- Born: May 24, 1926 Genoa, Kingdom of Italy
- Died: July 31, 2011 (aged 85) Genoa, Italy
- Occupations: Trade unionist; politician; writer;
- Known for: Co-founder of Lotta Comunista
- Notable work: Cronache operaie (Worker's Chronicles)
- Political party: Lotta Comunista (1965–2011)
- Movement: Left communism, Leninism

= Lorenzo Parodi =

Italian politician

Lorenzo Parodi (Genoa, 24 May 1926 – Genoa, 31 July 2011) was an Italian trade unionist, communist revolutionary and politician, founder in 1965 of Lotta Comunista with Arrigo Cervetto.

== From the small workshop to Ansaldo ==
Lorenzo Parodi was born into a working-class family: his father "Bartolomeo Parodi" worked at the forging department "Ansaldo" of Genoa Sampierdarena. He started to work at fourteen years old in a tiny bolt of Genova Nervi; in the midst of World War II, Lorenzo goes to the big factory, and the professional apprenticeship comes before the first political experiences just over a year.
Lorenzo Parodi starts to work at Ansaldo as a turner in the department "small cars" (MAPI) in the summer of 1942. Half a century later, introducing the third edition of "Cronache Operaie," he remembers," We were among the boys entered the factories in the early forties to replace the "cannon fodder" sent to front ."

== The first political experiences in the fire of World War ==
In the spring of 1943, Lorenzo Parodi joined the strike in progress at Ansaldo, and in 1944, he was forced to leave the factory to escape the Nazi raids and deportation. Parodi becomes partisan in SAP Brigade "Crosa" of Genova Nervi: here his political novitiate starts; due to his anti-Stalinist choice, he meets the young libertarian communists of Nervi like Antonio Pittaluga, Vero Grassini, Agostino Sessarego, and Mario Vignale and later the group of Genoa Sestri.

It is mainly "the refusal of Togliatti's opportunism" and the attempt "still confused to salvage the savable from the opportunistic wave that will block and overwhelm the class movement emerged from the struggle against fascism" the factors that will approach him and his group to libertarian and anarchist ideas.

== The process of political maturation in the postwar ==
The young Parodi returns to Ansaldo at the end of the war. His political work is expressed in the commitment to bring the anarchist movement on a line of concrete political struggle; with Arrigo Cervetto and other people like them, he works for the foundation of the "Anarchist Groups of Proletarian Action" (GAAP), enshrined in the Convention of Genoa Pontedecimo of February 1951. "It is the search for another communism that was not the subjection to Moscow of stalinian PCI that will connect Lorenzo Parodi and Arrigo Cervetto between 1948 and 1949. The meeting land was an attempt of Pier Carlo Masini and Cervetto to group around the young of the FAI Italian Anarchist Federation in a libertarian communist movement, organized and federated, to leave the traditional anarchist individualism.

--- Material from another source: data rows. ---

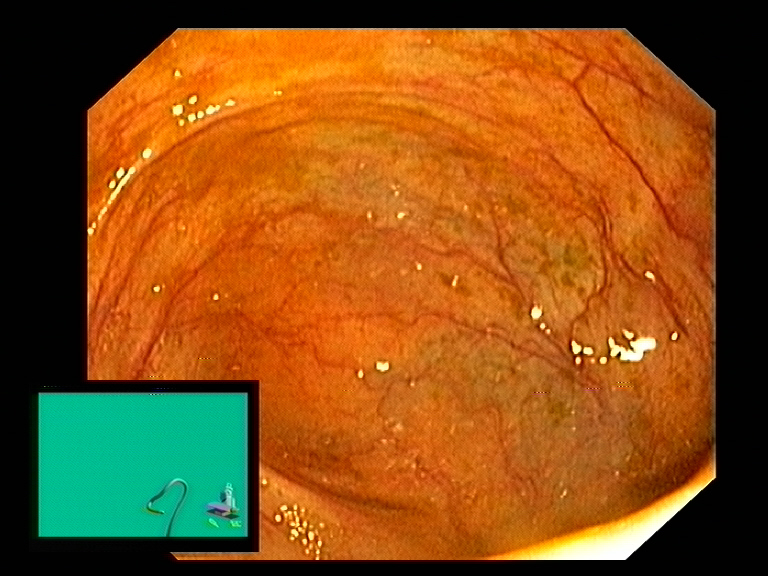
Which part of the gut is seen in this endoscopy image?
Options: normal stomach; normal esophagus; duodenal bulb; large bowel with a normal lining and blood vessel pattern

large bowel with a normal lining and blood vessel pattern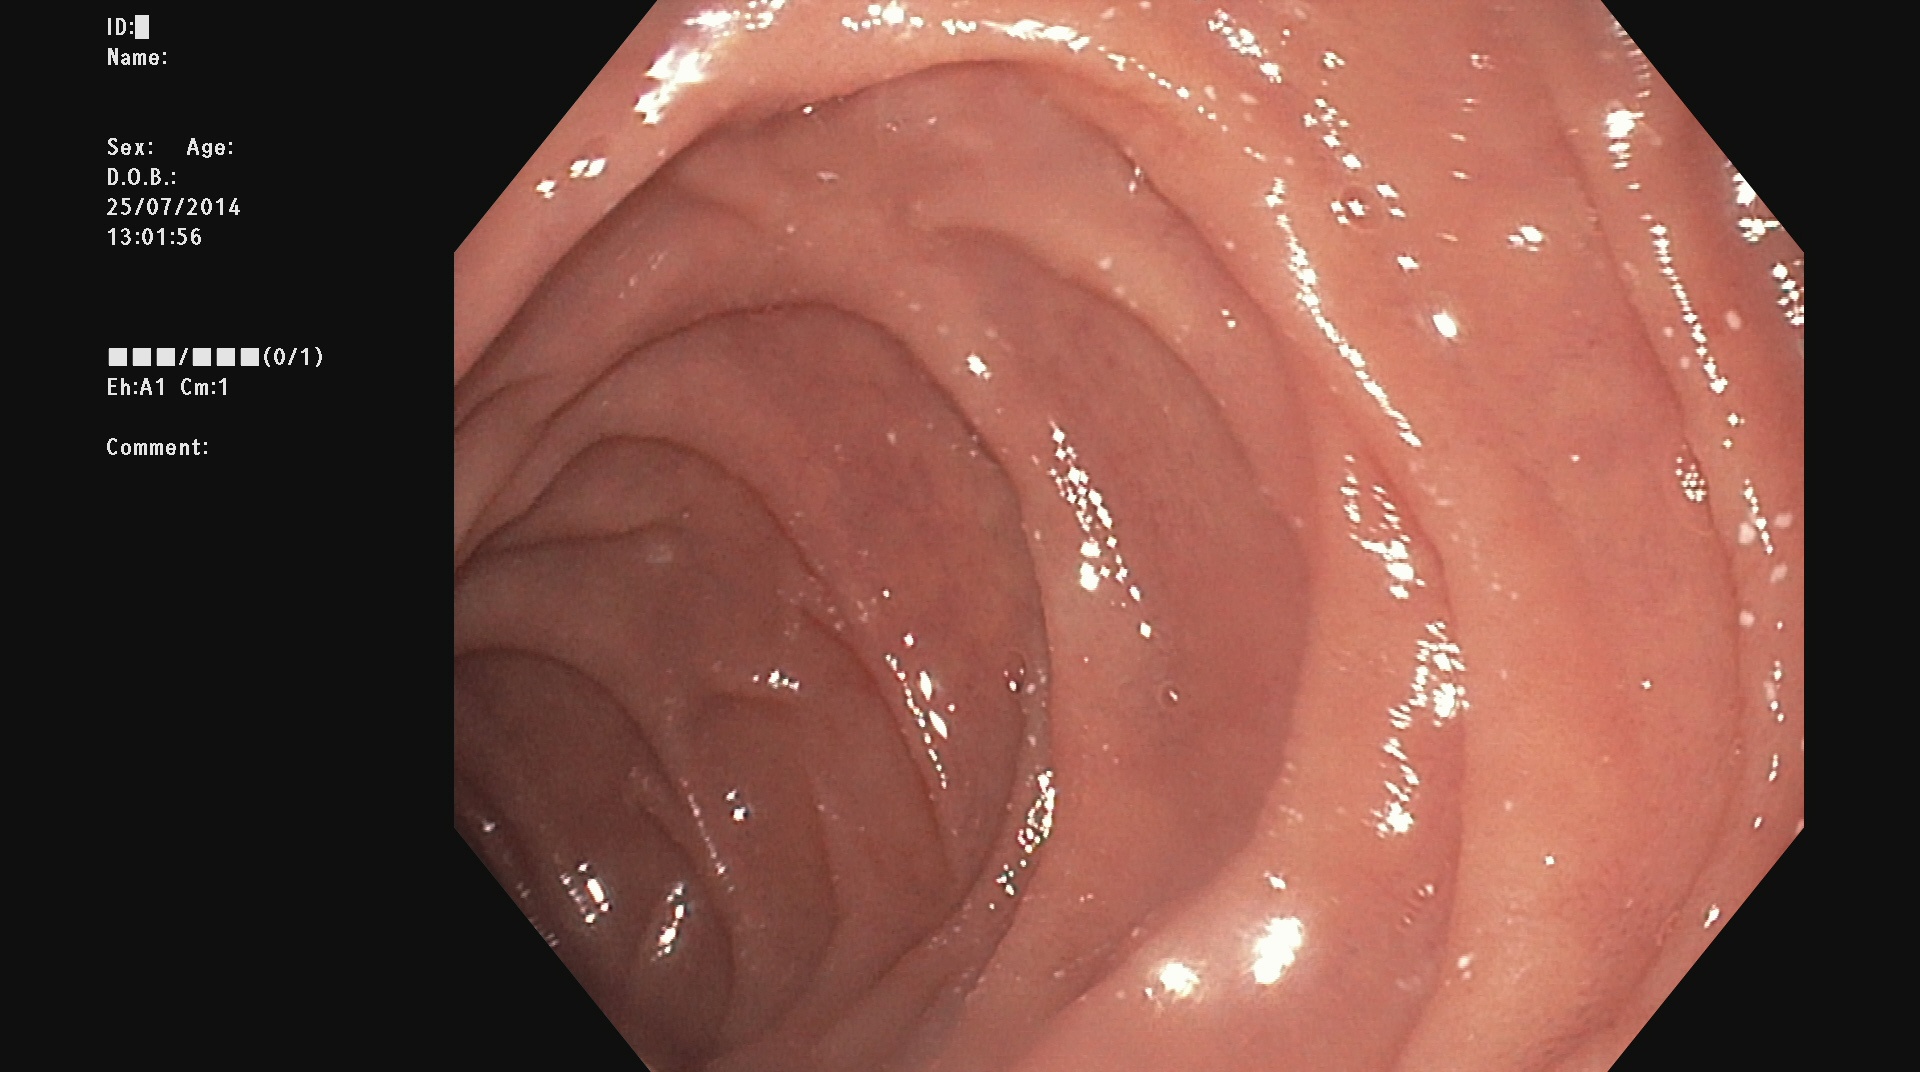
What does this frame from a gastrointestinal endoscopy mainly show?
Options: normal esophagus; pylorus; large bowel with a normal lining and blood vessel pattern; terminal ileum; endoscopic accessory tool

terminal ileum

The research for 'homogeneity as theoretical science of revolution' directs him to a serious study of "Capital" in Marx and to study Lenin.

== The Internationalist position on the uprising in Budapest ==
The presence in the National Steering Committee of the CGIL provides the grandstand for a clear internationalist position on the workers' revolt in Budapest of October and November 1956.
After he deplored Russia's military intervention expressed in October, the Secretary-General Di Vittorio made a rapid march back. Lorenzo Parodi supports the uprising in Budapest in connection with other significant events of that crucial 1956 (the Revolt of Poznan, the colonial war conducted in Algeria by the government of Guy Mollet, the Suez Crisis).

== The confluence in Azione Comunista ==
After the confluence of the GAAP, in spring 1957, in the group of "Azione Comunista" founded two years earlier by a "dissident" of PCI, Parodi is committed to the side of Arrigo Cervetto against the Maximalism of the group to attest an internationalist position, he presents with Cervetto, at the first conference of the Communist Left November 1957 in Livorno, the "Theses on imperialist development, the duration of the counter and on the development of the class party," that is now expressed in an organic strategic vision of the current Leninist.

== The Foundation of Lotta Comunista ==
The strategic task for the proletariat, the class that can and should revolutionize the imperialist society, is now clearly outlined in the vision that Parodi shares with Cervetto's vision. The strategic vision of the Theses of '57 is linked to the conception of the party's strategy: Cervetto sent to Parodi in 1964 the drafts of the study (which will be collected two years later in the volume, with the title of "Class Struggles and revolutionary party," and over again until the sixth edition of 2004, which also republishes those letters) on the Leninist concept of political action, to have 'a text-based current Leninist in Italy". On that basis, Cervetto and Parodi can turn the page on the experience of "Azione Comunista" in December 1965, the year of the first issue of "Lotta Comunista" (which will Parodi director until his death) and begins an extensive work of settlement organization.